Last Hope for Freedom: Felipa De La Cruz’s Petition to the House of Trade
Freedom was constantly on Cruz’s mind, especially when she learned in the early months of 1612 of her husband’s early demise. Three years after penning her last letter – and nine years after Segarra had left Sevilla – Cruz received news that her husband had been killed in Veracruz two years earlier. Cruz’s hopes that he would liberate her from slavery were dashed in an instant. Through the word-of-mouth networks that brought news of her husband’s early demise, Cruz also learned that he had left some property in Veracruz. Such news also caused a dilemma. Castilian laws dictated that neither Cruz nor her two enslaved children could inherit this capital, as enslaved people could not own property.Footnote 154 Cruz’s actions after learning about Segarra’s death reveal her engagement with the rule of law in the Spanish empire, and the know-how she possessed to maneuver through legal cultures in the hopes of obtaining a coveted carta de alhorría. While enslaved her whole life in Sevilla, Cruz possessed an acute awareness of the laws of freedom, the role of the House of Trade, the rights of imperial subjects to petition for royal justice at the Council of the Indies, and of the various possible routes to obtain liberation from slavery.

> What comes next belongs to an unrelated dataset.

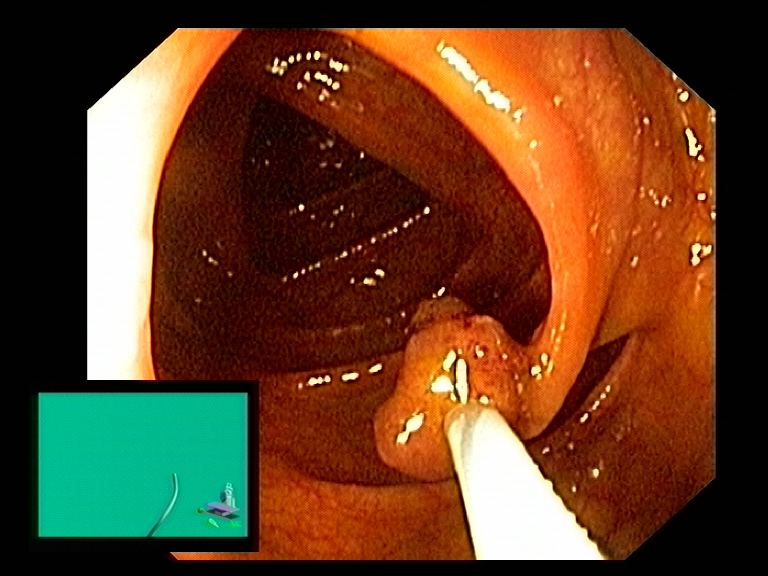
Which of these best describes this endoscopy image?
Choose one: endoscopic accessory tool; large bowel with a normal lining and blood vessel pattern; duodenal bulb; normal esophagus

endoscopic accessory tool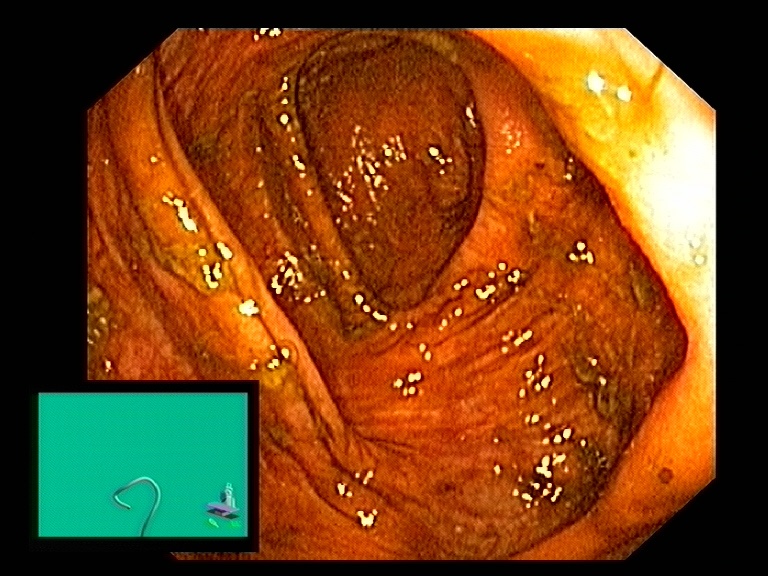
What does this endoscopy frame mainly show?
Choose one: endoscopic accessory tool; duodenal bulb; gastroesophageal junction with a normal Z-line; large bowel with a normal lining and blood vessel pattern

After hearing that Segarra had perished in Veracruz, Cruz employed the services of a procurator to send a petition to the Council of the Indies.Footnote 155 At the time of this petition, Cruz had only learned of her husband’s death through informal networks and had not yet heard an announcement from the House of Trade. She therefore surmised that royal officials in New Spain had not yet sent the value of Segarra’s belongings to Castilla, even though two years had already elapsed since his death. In her petition to the Council of the Indies, Cruz insisted that the crown order royal officials in New Spain to investigate her husband’s death and to collect the value of his property.Footnote 156 Without a doubt, she presented herself to the crown in this petition (and perhaps also to her procurator) as a free Black woman who had the right to inherit her deceased free husband’s property, and hid the fact that she was enslaved. Although I have not yet located Cruz’s original petition, it is likely that she explained she had heard about Segarra’s death through word of mouth: The resulting royal decree noted that “Phelipa de la Cruz, Black woman, vecina of the city of Sevilla, has made representations that her husband Antón Segarra was killed in New Veracruz about two years ago, and that he left certain effects and property in the power of Francisco Moreno, notary of the cabildo of that city.”Footnote 157 These lines reveal that Cruz was able to date the time of Segarra’s death and the location of his property in Veracruz before official news of his death arrived in Sevilla. Her petition also shows her awareness of the role that the House of Trade played in distributing the property of deceased Castilians to their heirs in Castilla. In her petition to the Council of the Indies, Cruz also pleaded that the crown ensure that royal officials in New Spain send Segarra’s belongings to the House of Trade in order that she could then petition to inherit the property, as the resulting royal decree explained how “the property should be inherited by her.”Footnote 158 Cruz’s petition to the Council of the Indies resulted in the crown issuing a royal decree on May 29, 1612, instructing royal officials in New Spain to ensure the safe return of Segarra’s estate to the House of Trade in Sevilla.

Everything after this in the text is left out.